Whenever we have a power failure, Claude waits exactly fifteen minutes before wheeling out his 98-gazillion-volt generator, firing it up, and powering up his entire property (and, possibly, most  of Puerto Rico). The only tolerable thing about watching this from my cold, darkened bedroom is that he comes out precisely every fifteen minutes to wipe the monstrosity and check amperage, oil levels, and gas supply. Since all my clocks are dead, this at least allows me to calculate what time it is so that I know precisely when I won’t be watching Jeopardy.

The man has eight different ladders, for Christ’s sake. Well, seven now. I borrowed the 20-foot roof ladder to cleverly clean my chimney just before the snows came. And I do mean just…..really: just before…..

He plays soccer for hours with his six grandchildren. Meanwhile, whenever my kids flush me out of the  basement, I find I cannot remember their names, and simply call them all BoBo.

Claude uses a brush on each piece of firewood before he stacks them neatly in his garage. Then he vacuums the driveway!

In the spring, as the very first adores of grass appear, he uses a Heavy Roller Thingy™ on his entire lawn. For five consecutive days before his meticulous daily lawn maintenance begins! And lawns are anyway ridiculous. They are part of what some

Lawns are stupid

philosophers and all beer-swilling bloggers call Circular Stupidity Logic, in that we only keep lawns in order to mow them in order to keep lawns orderly. They serve no other purpose, except to hold the Keep Off the Lawn signs.

Late in the fall, I watch as Claude spends an afternoon carefully sticking five long metal rods with thing-a-ma-bobs on the end into the ground. This year, it looked like he was using a plumb line and a GPS for this strategic work but it was hard to tell, as the power was off and the light from his house can be blinding. These rods, I figure, are either to mark where his driveways are when snow-clearing begins, or display a landing pad for his fellow aliens.

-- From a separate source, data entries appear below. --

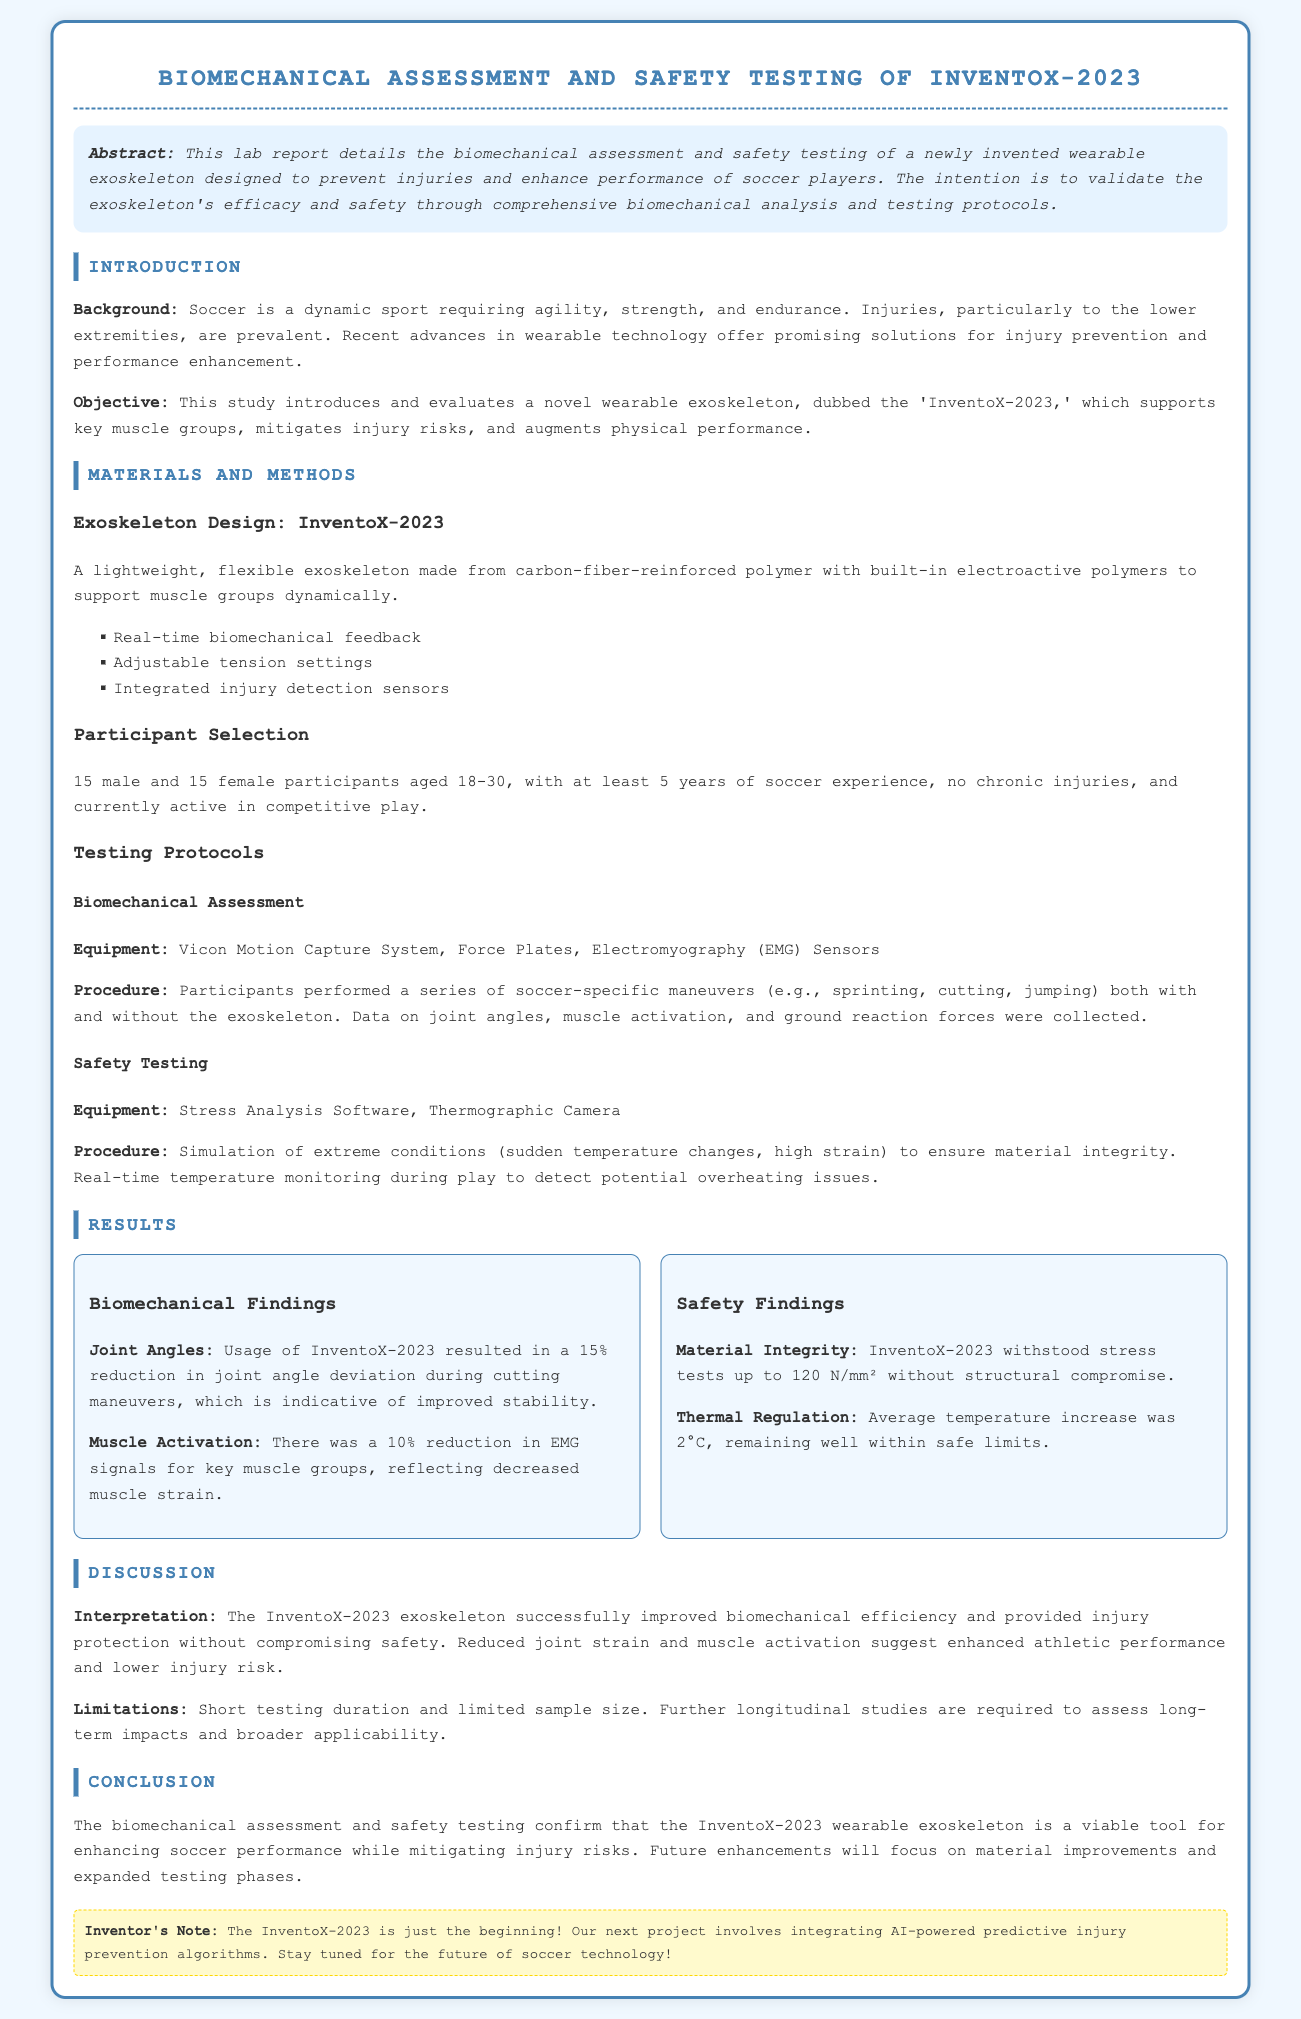What is the title of the lab report? The title of the lab report is prominently displayed at the top of the document.
Answer: Biomechanical Assessment and Safety Testing of InventoX-2023 What materials were used in the exoskeleton? The materials used in the exoskeleton are listed in the design section.
Answer: Carbon-fiber-reinforced polymer How many male participants were involved in the study? The participant selection section specifies the number of male participants.
Answer: 15 What was the average temperature increase during safety testing? The safety findings section mentions the average temperature increase observed.
Answer: 2°C What was the joint angle deviation reduction during cutting maneuvers? The biomechanical findings section provides specific results regarding joint angle deviation.
Answer: 15% What kind of sensors are integrated into the exoskeleton? The materials and methods section lists the features of the exoskeleton, including sensors.
Answer: Injury detection sensors What is the maximum stress the exoskeleton withstood during testing? The safety findings section reports the maximum stress tested on the exoskeleton.
Answer: 120 N/mm² What future project is mentioned in the inventor's note? The inventor's note highlights the next project following the current exoskeleton.
Answer: AI-powered predictive injury prevention algorithms What percentage reduction in EMG signals was recorded? The biomechanical findings section indicates the percentage reduction in muscle activation measured by EMG.
Answer: 10% 
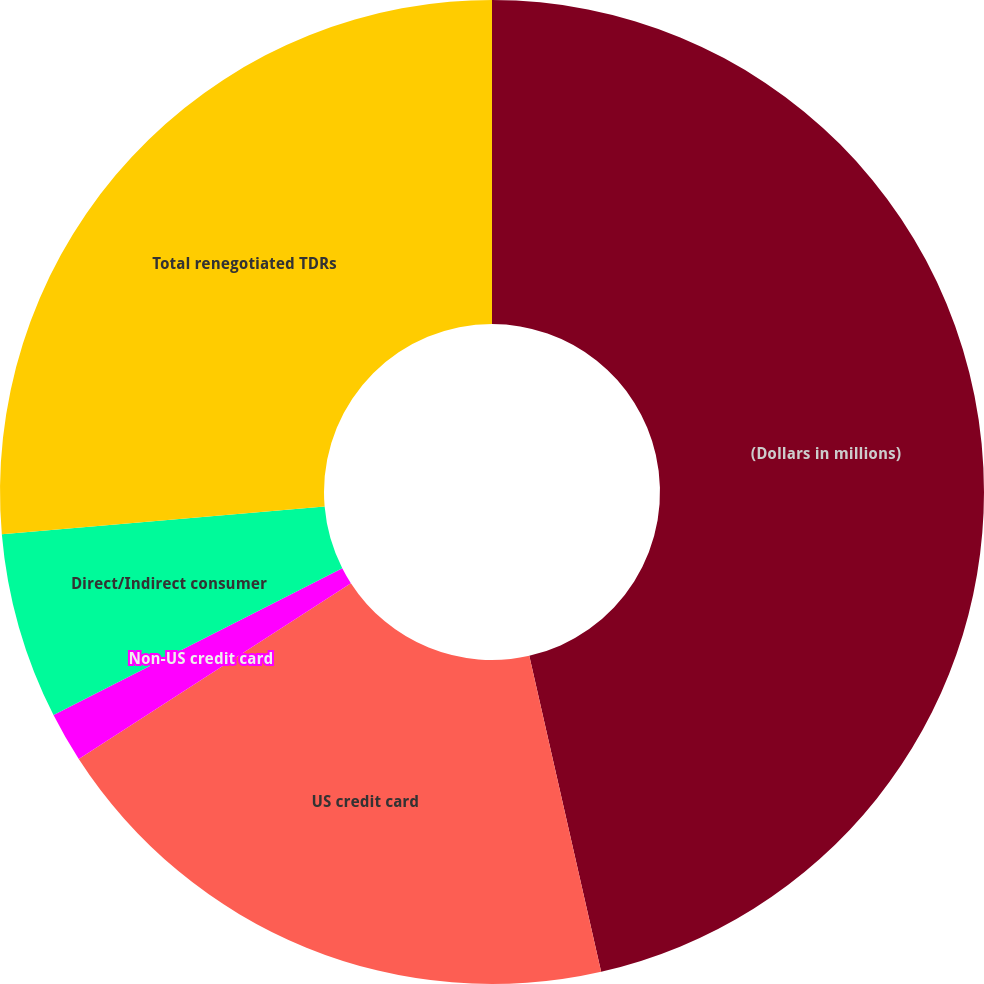Convert chart. <chart><loc_0><loc_0><loc_500><loc_500><pie_chart><fcel>(Dollars in millions)<fcel>US credit card<fcel>Non-US credit card<fcel>Direct/Indirect consumer<fcel>Total renegotiated TDRs<nl><fcel>46.44%<fcel>19.43%<fcel>1.64%<fcel>6.12%<fcel>26.37%<nl></chart>

But I’m so peaceful a sort that I make Indira Gandhi look like a Klingon, and little of this ever made me absolutely want to admire him.

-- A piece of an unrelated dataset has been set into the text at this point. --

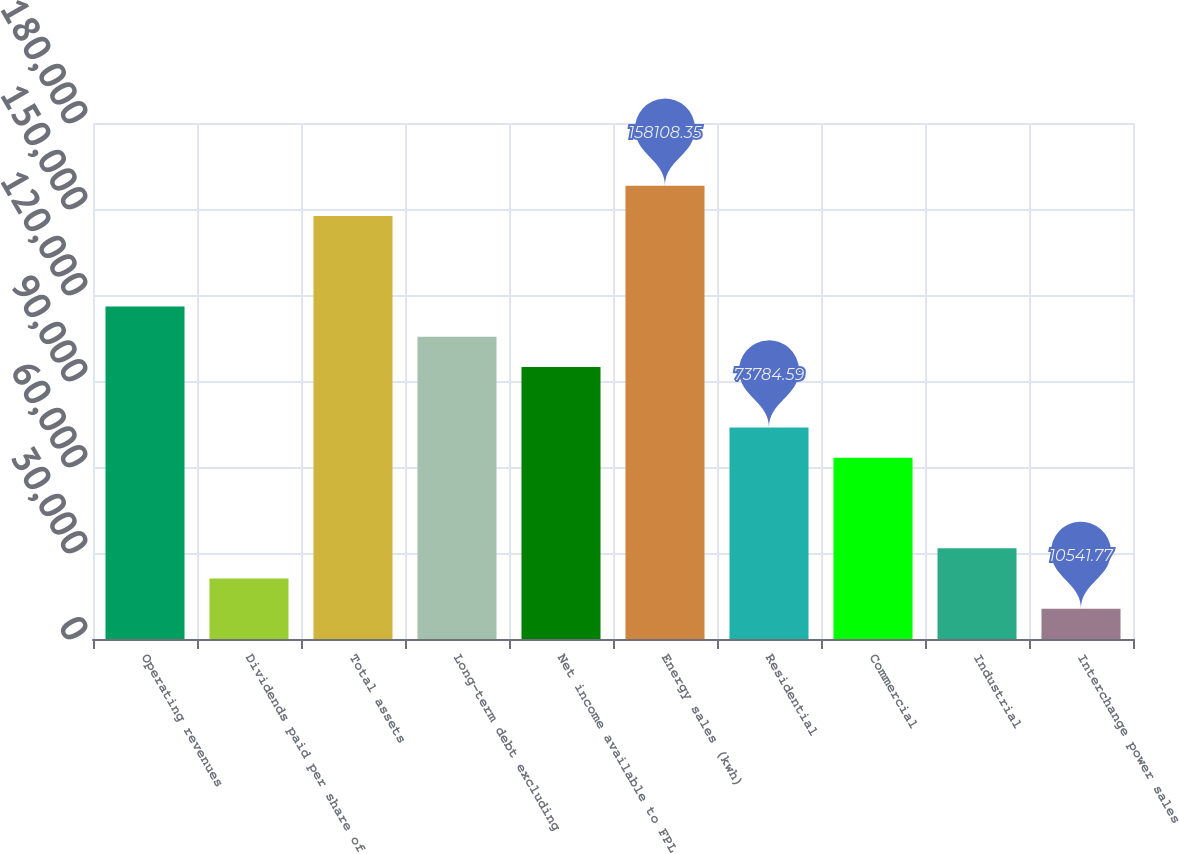Convert chart. <chart><loc_0><loc_0><loc_500><loc_500><bar_chart><fcel>Operating revenues<fcel>Dividends paid per share of<fcel>Total assets<fcel>Long-term debt excluding<fcel>Net income available to FPL<fcel>Energy sales (kwh)<fcel>Residential<fcel>Commercial<fcel>Industrial<fcel>Interchange power sales<nl><fcel>115946<fcel>21082.2<fcel>147568<fcel>105406<fcel>94865.5<fcel>158108<fcel>73784.6<fcel>63244.1<fcel>31622.7<fcel>10541.8<nl></chart> 
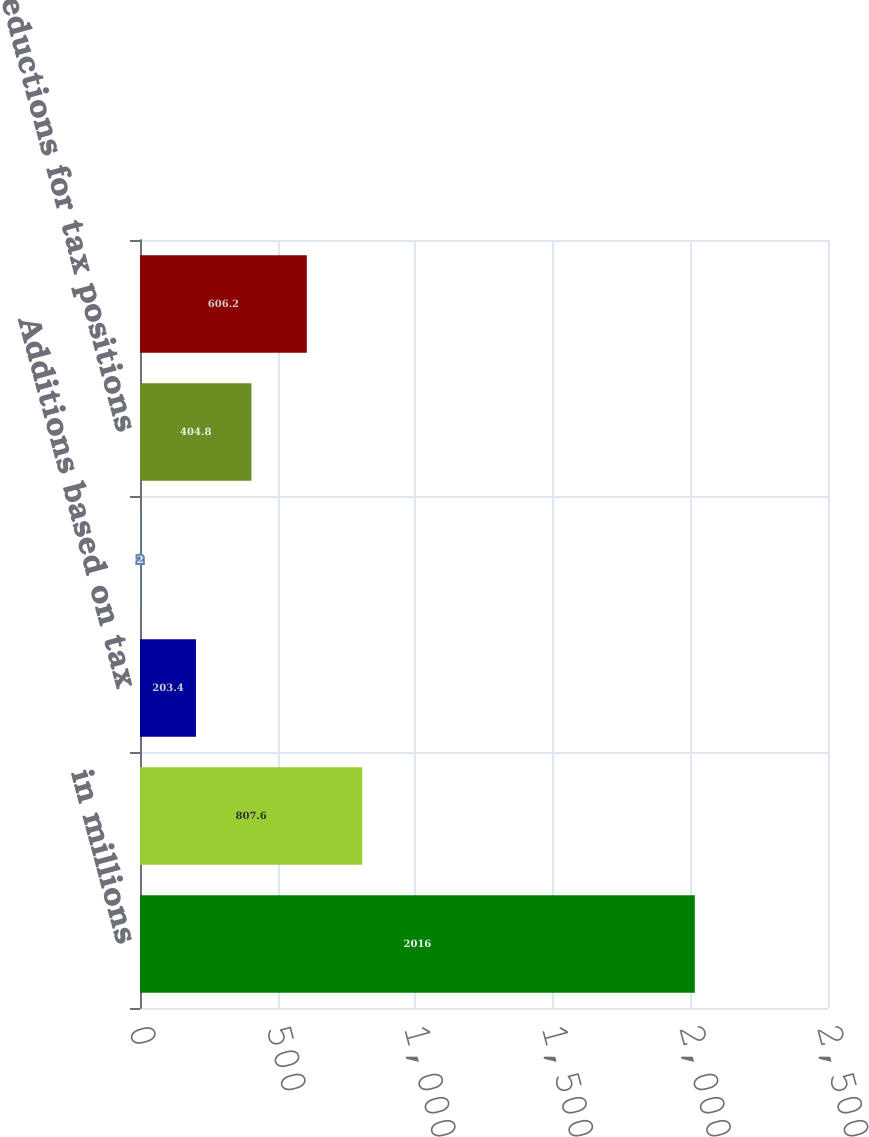<chart> <loc_0><loc_0><loc_500><loc_500><bar_chart><fcel>in millions<fcel>Unrecognized tax benefits at<fcel>Additions based on tax<fcel>Additions for tax positions of<fcel>Reductions for tax positions<fcel>Net change in unrecognized tax<nl><fcel>2016<fcel>807.6<fcel>203.4<fcel>2<fcel>404.8<fcel>606.2<nl></chart>

That only changed when we had this year’s’s dry, windy, dusty early summer and Claude washed his walls and windows. The exterior walls and windows! He washed the outside of his house! The next day, when he scrubbed his roof, I knew I had to admire that man. And soon. When I realized that the inside of my fridge was grungier than the outside of my neighbour’s house, it was time to get an admiredgun.

I fully realize that he may be the normal one.  Or maybe I am. Or, we could both be crazy. But I’ve also learned that it doesn’t matter, because we may not even exist at all. My second eldest son BoBo is a little philosophical (and a lot loopy), and he explains that we may all just be characters in a video game being played in some other parts of the

The possible multiverse galaxy that’s possibly fucking with me.

multiverse. But if that’s true, my  pock-marked, purple, adolescent otherverse gamer is obviously not paying attention, and I’m getting my ass kicked by a perfect little old virtual character that doesn’t even exist. Plus – being a mere non-existent blip – I can’t even access the Restart button. Geezum!

This makes me even more angry and confused, so I really must admire Claude.

I was going to do it today, but he’s kindly taken to cleaning my driveway with his very clean snowblower, which has a heated plastic housing to keep him from turning into a possibly virtual icicle.

So I’ll wait until spring. Then he gets admired. There won’t be any evidence left afterwards, because I know his wife will clean up everything right away. It’ll be a clean admire.

I do really shoot that guy.

One comment

  1. OMG you’re my #1 idol I CANT LIVE WITHOUT SEEING YOU IN MY LIFE!!!!!!!!!!! we will meet one day and we will eat toast and start a duckling family!!!!!!!!!!!!!